Per chi suona la campana? Non la sentiamo mai, ma i rintocchi strozzati in fondo al lago ci accompagnano dal momento in cui abbiamo scoperto la sua esistenza, avvolgendo ogni altro rumore. Come fa il blu in un mondo desolante e angosciante, alternato a rari sprazzi di verde. Perché in Ozark la speranza c’è, anche se è flebile. È attaccata ad un filo sottile, sufficiente per trasformare i rintocchi della morte in invocazioni alla preghiera. Il bianco e nero non esistono: tutto è sfumato. C’è spazio solo per il blu dell’oblio e, raramente, per il verde che restituisce un futuro laddove non si pensa possa più esserci.

Il simbolismo di una delle serie tv più sorprendenti degli ultimi anni è fondamentale per coglierne l’essenza. Essenziale ed efficace nell’utilizzo imponente mai ridondante di un colore dominante, il blu, presente ovunque. Negli abiti, negli sfondi e in ogni elemento. Il blu immerge Ozark in un’atmosfera alla quale non basta avere un ampio respiro per non risultare claustrofobica. Ci opprime, fino a farci mancare l’aria e renderci daltonici di fronte all’emersione del verde. Non è un caso, e non è solo una scelta stilistica. Grazie ad un campana, evocata nel primo season finale, che sembra quasi quella di Hemingway. E ad un lago che non è solo un lago.

Ozark

Ozark, purtroppo, non vuole trovare pace. Fin dal giorno in cui il lago è nato, lasciando sul fondo una vecchia chiesa sommersa dall’acqua. Jacob Snell lo racconta con gli occhi vivi di chi sa tutto di un luogo che non vuole cedere il passo al cambiamento, immortalato in un tempo dominato dalla morte. Ozark conosce solo le leggi di un inverno dal blu profondo, anche quando l’estate porta in dote ricchezze e nuove occasioni. Effimere, per chi brucia i templi nascenti in nome di un vecchio rintocco incessante. Il lago inghiottisce le anime perdute, e non ci sorprende pensare che Bobby Dean e i fratelli Langmore siano stati restituiti all’acqua dopo aver trovato una fine violenta.

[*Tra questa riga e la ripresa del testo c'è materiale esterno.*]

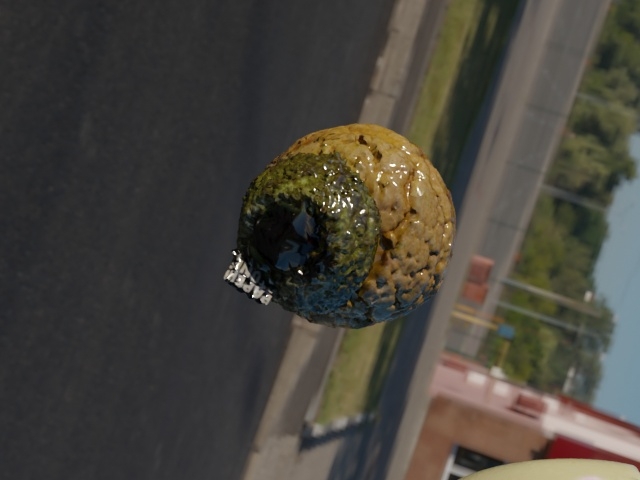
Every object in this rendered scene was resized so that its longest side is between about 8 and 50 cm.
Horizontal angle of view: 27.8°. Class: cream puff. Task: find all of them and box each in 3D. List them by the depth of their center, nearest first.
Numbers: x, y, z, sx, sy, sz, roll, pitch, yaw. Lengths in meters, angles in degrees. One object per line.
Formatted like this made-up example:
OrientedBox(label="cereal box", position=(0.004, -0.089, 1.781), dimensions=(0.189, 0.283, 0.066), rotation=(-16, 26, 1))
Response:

Lo stormo di storni comuni, invece, studiati attentamente dal piccolo Jonah, migra alla ricerca della sopravvivenza, come fanno i Byrde nel viaggio che li ha portati da Chicago ad Ozark.

Destabilizzano gli equilibri del luogo e portano morte nel luogo della morte, nutrendosi delle uova degli altri uccelli. Divorate, come l’uomo fa col denaro. Senza lasciar spazio alla speranza. Ma combatte, la speranza. Si difende all’improvviso, nel momento in cui il lago sente i rintocchi della campana. E porta, per due volte, la vita. Quella della giovane Charlotte, scampata miracolosamente all’annegamento dopo aver cercato un momento di pace. E del figlio neonato del pastore Mason Young, battezzato nel peggior modo possibile e sopravvissuto alla disperazione di un padre che aveva deciso di chiudere gli occhi per sempre.

Ozark

Il lago di Ozark si ribella. Spezza la catena, con le poche forze che ha. E tutela i più deboli, pedine inconsapevoli di un gioco che associa la profondità del blu all’ineluttabilità del nero. Il verde resiste e riprende uno spazio vitale nello stesso modo attraverso cui una vecchia chiesa, immersa nell’acqua, non si arrende al silenzio e fa sentire il suo urlo di dolore. È una guerra che contrappone la vita alla morte, ed un lago all’anima mutevole che non asseconda mai gli eventi e fa suonare una campana per chiunque riesca a sentirla, nel bene e nel male. Vittime e carnefici dipinti di blu, catapultati ad Ozark da una vita che conosce solo una sfumatura di verde. Quella del denaro.